Ce blog a pour vocation de recevoir les créations des élèves du collège Le Clergeon (Rumilly) et de leur faire (re) découvrir le plaisir des mots et des couleurs au travers des rencontres de grands artistes ... Vous Trouverez aussi les écrits de mes anciens élèves du collège Michel Servet (Annemasse) Laissez- vous aller au gré de vos envies, et prenez la plume ou le pinceau pour exprimer vos joies, vos peines ou vos espoirs ...
Je vomis le monde qui pourtant m'engloutit.
Je vomis cette société de grands, oligarchie gigantesque où l'argent fait le bonheur et où Cupidon tombe face aux rafales racistes. Qui sommes nous pour tuer, juger de la mort d'un homme ? Sommes nous tombés si bas que la pomme de Newton? Ce monde tourne à l'échec et personne pour sauver le roi. Bile informe, flot grouillant. Je regarde ces idiots guidés par la loi du labeur regagner leurs logis pour vivre encore quelques heures.
Je vomis ma planète qui est tellement polluée que les gens mettent un masque pour ne pas être asphyxiés? Et ces débris de ghettoisation, esclaves des temps modernes, qui n'ont rien à penser. Qui balancent du "ta mère" face aux tuteurs mal formés. Moutons innombrables et bergers omniprésents. Nous sommes tous piégés, aucune chance de sortir, un seul homme ne peut sauver 7 milliards d'avenirs. Alors je prends mon rail et suis le cours de ma vie. Nantie dans un système qui juge l'efficacité. L'intelligence d'unhomme est vite oubliée. Apprends bien tes leçons et grimpe les échelons, gerbe tes cours sur une feuille et on te prédit ton futur.

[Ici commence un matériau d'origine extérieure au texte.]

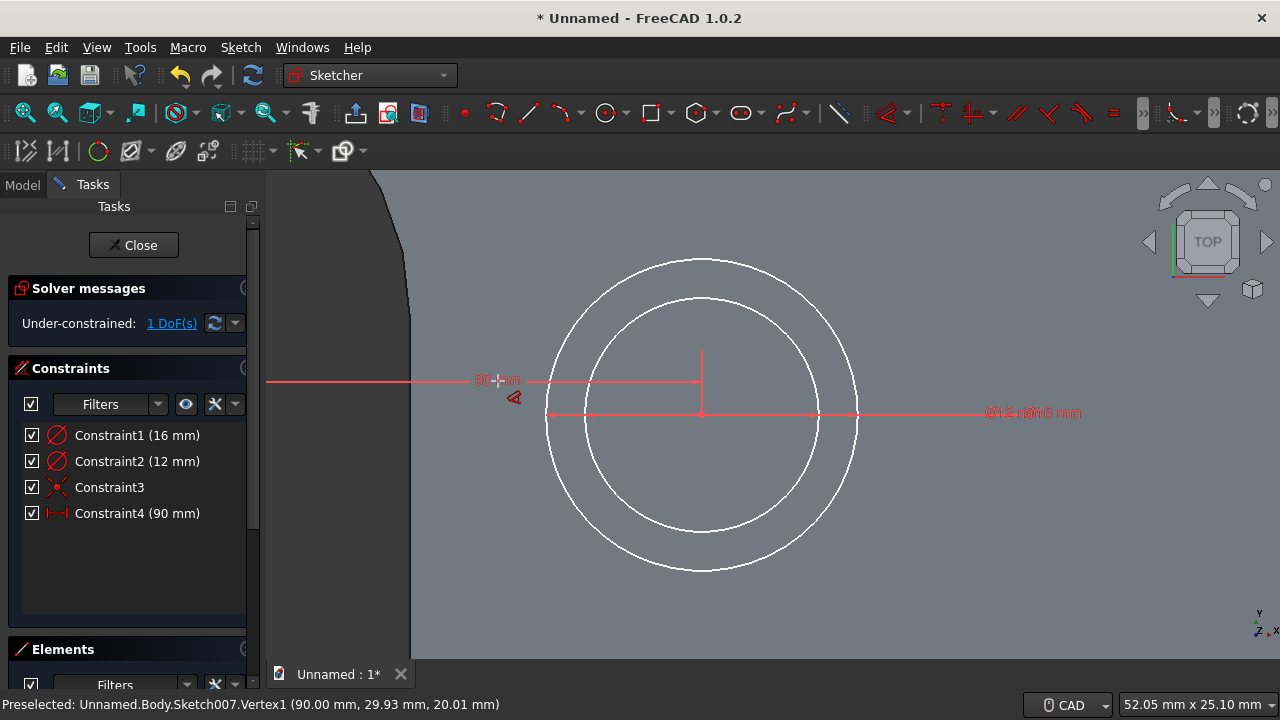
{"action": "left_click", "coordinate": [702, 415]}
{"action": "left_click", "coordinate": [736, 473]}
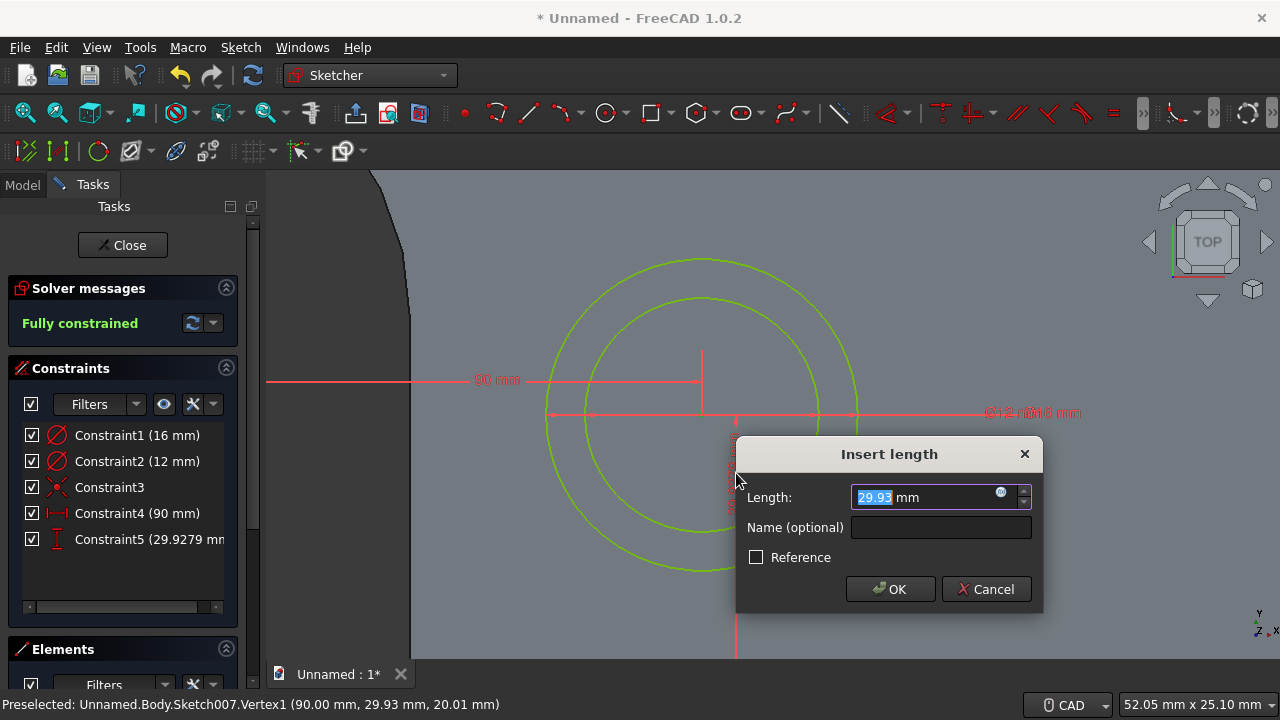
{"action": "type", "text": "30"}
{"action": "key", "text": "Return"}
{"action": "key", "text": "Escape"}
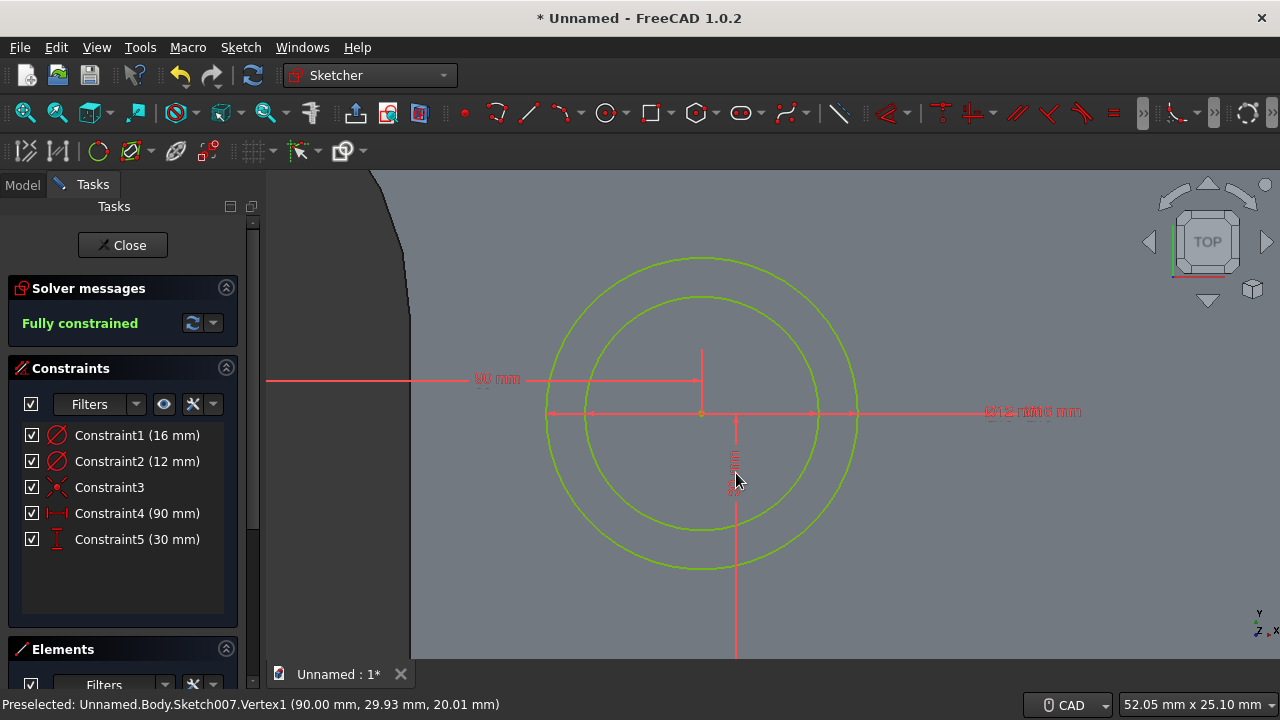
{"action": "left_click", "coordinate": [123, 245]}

Je me noie dans cette bile noirâtre, en attendant que les choses changent ... Je traîne mon fardeau le long des sentiers sombres. La nuit comme seule confidente à mon délaissement. Un monde noir et blanc où tous les chats sont gris ... Mon coeur, vilain bourreau, pourquoi fais-tu souffrir? Ignoble petit être lacérant mes souvenirs. partout où je te tire, tu répands la tristesse, la haine comme seul écho. Informe muscle carmin, je t'exècre au fond de moi. Pourquoi fais-tu le mal, pourquoi m'as-tu maudite à toutes ces misères que je laisse dans mes pas ? Cadavres amoureux gisant dans le fossé. J'avance de l'avant, pour fuir un immonde passé.
Ne m'approchez jamais, je suis la mal aimante, je brise vos ardeurs autant que vos sentiments.
Honni soit mon coeur crachant sur vos émois d'un geste négligeant, ne m'approchez jamais ou vous souffrirez de mille tourments.